Over the last 5 years I have developed a way of designing database driven web systems which seems to always start with doing a data model in conjunction with the functionally task definition. This approach seems to work well in most cases, where the web pages are driven by select, update, insert and delete statements. Its almost an databasey object modeling approach which works well for me.

So I believe in finding a balance with ease of access to tools and the responsibility of the developers to spend some time learning (what is not a difficult task really) database design methods and basic query practice. Then using this knowledge to at least create a system which, while not perfect, can start to be scaled or just maintained in the future without major rework.

Design you database reasonably well (it doesn't have to be 3rd normal form), make sure your queries are optimised (indexes used etc) and then develop to your hearts content, the extra time spent up front will save you heaps in maintenance, bug fixing due to data inconsistencies, and scaling issues.

Monday, October 18, 2004

IcyPole at Sloane School Of Management
Woo hooo.... I'm very excited!!!

Just checking my logs and seeing a search about IcyPole from google. So I decided to check what is referencing my leading edge wireless P2P app.

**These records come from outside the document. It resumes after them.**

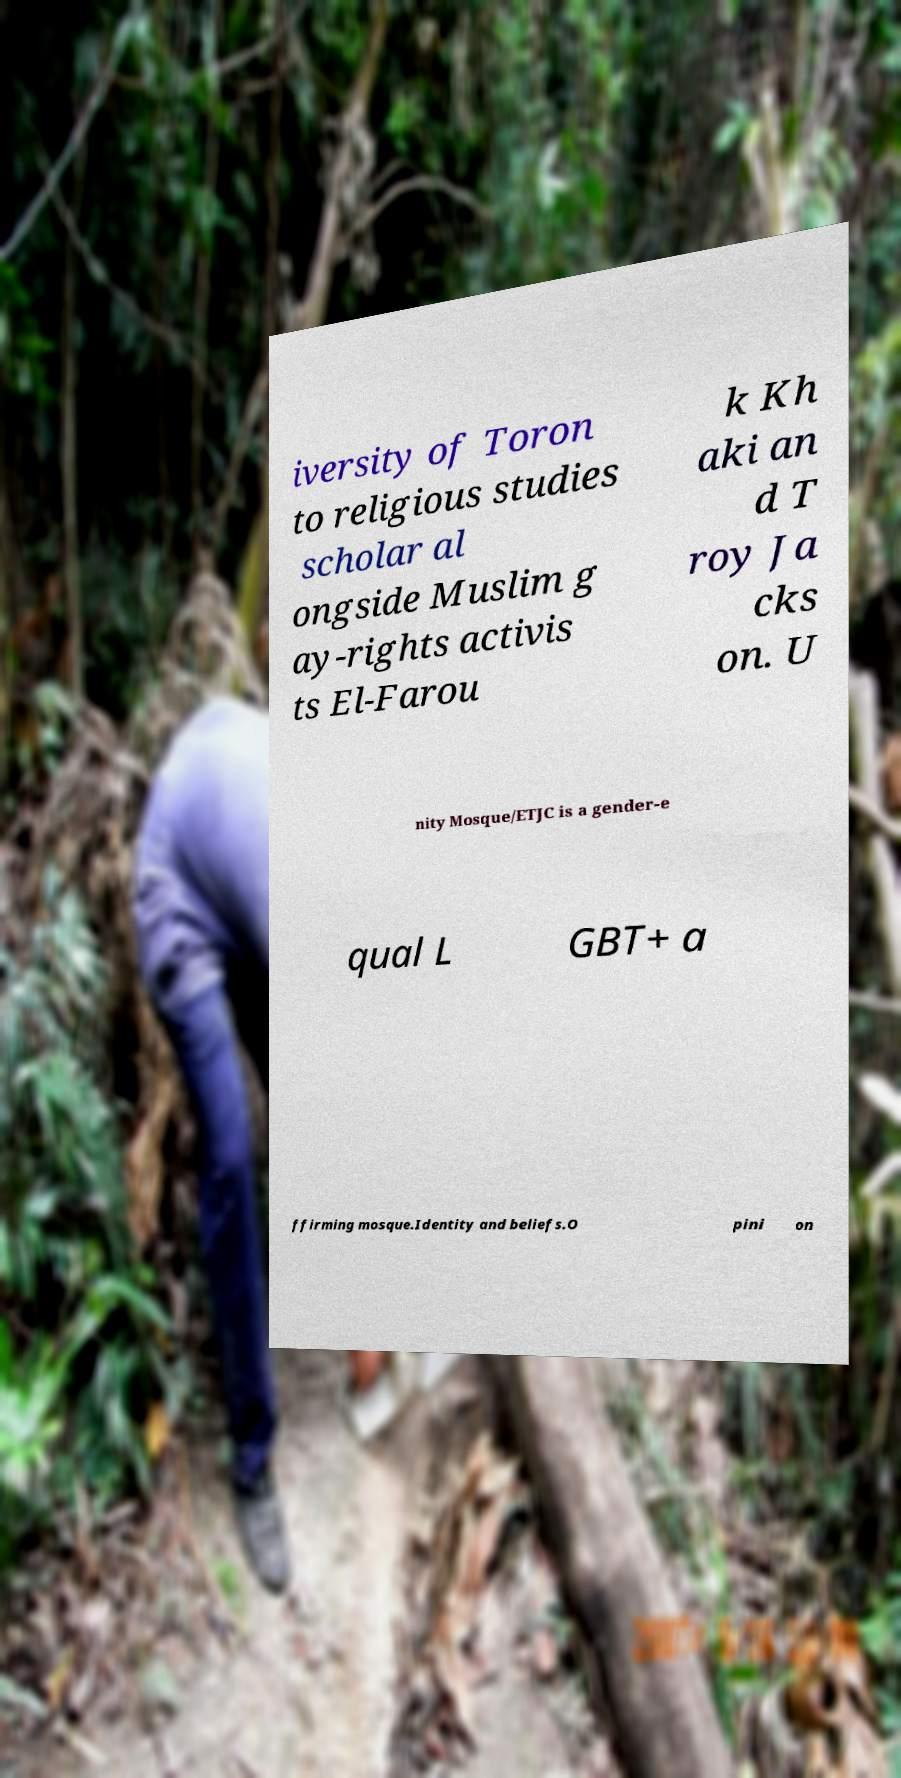What messages or text are displayed in this image? I need them in a readable, typed format. iversity of Toron to religious studies scholar al ongside Muslim g ay-rights activis ts El-Farou k Kh aki an d T roy Ja cks on. U nity Mosque/ETJC is a gender-e qual L GBT+ a ffirming mosque.Identity and beliefs.O pini on 
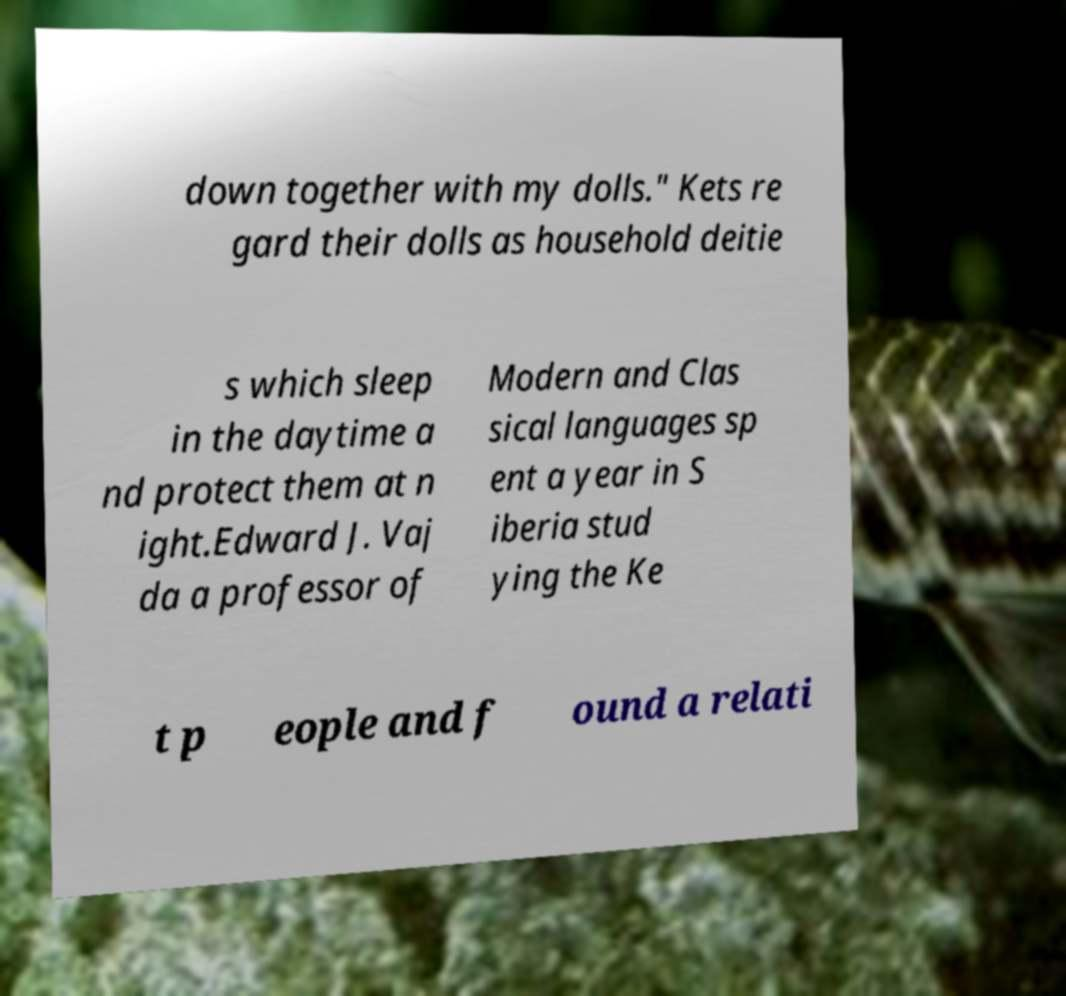Can you accurately transcribe the text from the provided image for me? down together with my dolls." Kets re gard their dolls as household deitie s which sleep in the daytime a nd protect them at n ight.Edward J. Vaj da a professor of Modern and Clas sical languages sp ent a year in S iberia stud ying the Ke t p eople and f ound a relati 
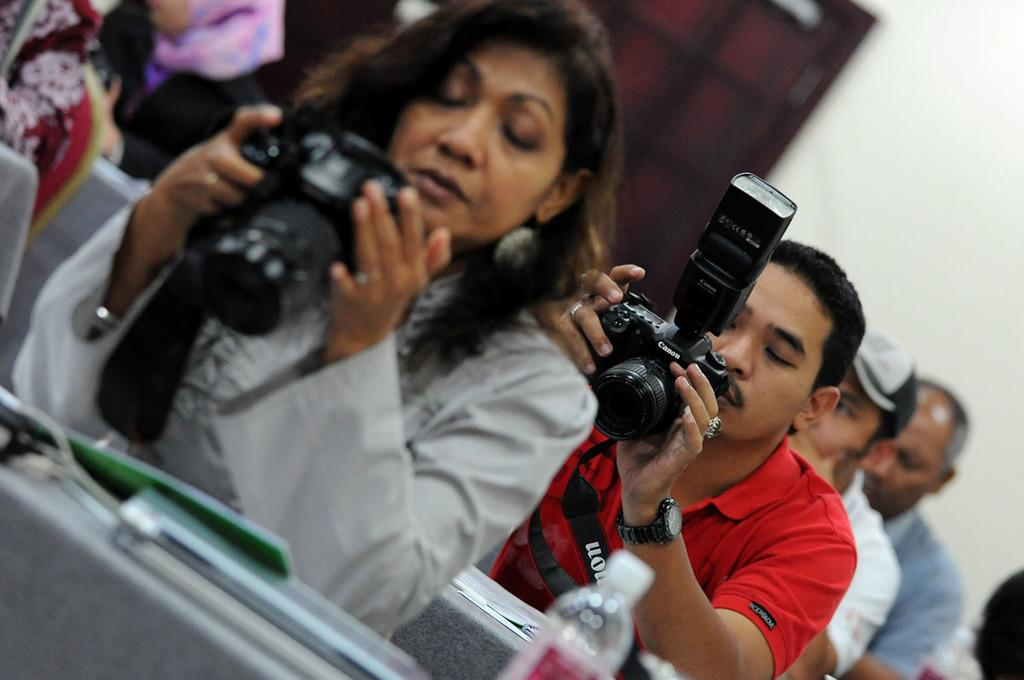Who is present in the image? There are people in the image. What are the people holding in their hands? The people are holding cameras in their hands. What are the people doing with the cameras? The people are looking at the cameras. What can be seen in the background of the image? There is a wall in the background of the image. What type of songs can be heard playing in the background of the image? There is no indication of any songs playing in the background of the image. 
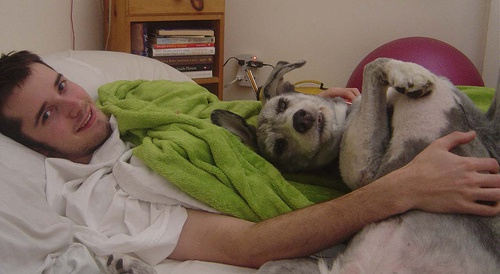Describe the objects in this image and their specific colors. I can see people in darkgray, olive, gray, and black tones, dog in darkgray, gray, and black tones, bed in darkgray and gray tones, sports ball in darkgray, brown, and purple tones, and book in darkgray and gray tones in this image.

It turns out that it is being referenced in some presentations on Music Distribution and Core Edge Dynamics at Sloane School of Management, which is very very cool. They have done some lovely MBA style diagrams showing its position with other P2P and edge services which is all nice.

So if you want to see the future of Music Distribution...check it out.

Tuesday, October 12, 2004

Alert for Patent
Set it and forget it...as the audience on some infomercial yesterday were saying. This morning I came into work and got an email alerting me that there was a press release about my latest patent on the news wire.

Ages ago...so long ago that I don't remember, I must have set an alert on yahoo to send me any news about AgentArts. So this morning in came an alert.

Very nice. And if you wish...go and read the press release.

Sunday, October 10, 2004

Shitty morning
What a crap way to wake up on a Saturday. I'm in San Francisco for the next few days and really thought that the weekend would be an activity filled fun fest.

But alas....I woke at 4 this morning and was incredibly sick...icky...and only managed to get back to bed around 6 so I'm sort of feeling like I did 10 years ago after a big night out and an early rise.....tired, hungry, dehydrated and ug..

Added to this, John Howard or fearless fly as I like to think of our beloved leader, has just been reelected for his 4th term. Double ug.

The only cool thing about this weekend, aside from shopping, the apple store, marios and breakfast tomorrow is that its Fleet Week here this weekend. So, big ships and lots of cool planes flying around!!!

If only I'd brought some vegimite I'm sure I'd feel better.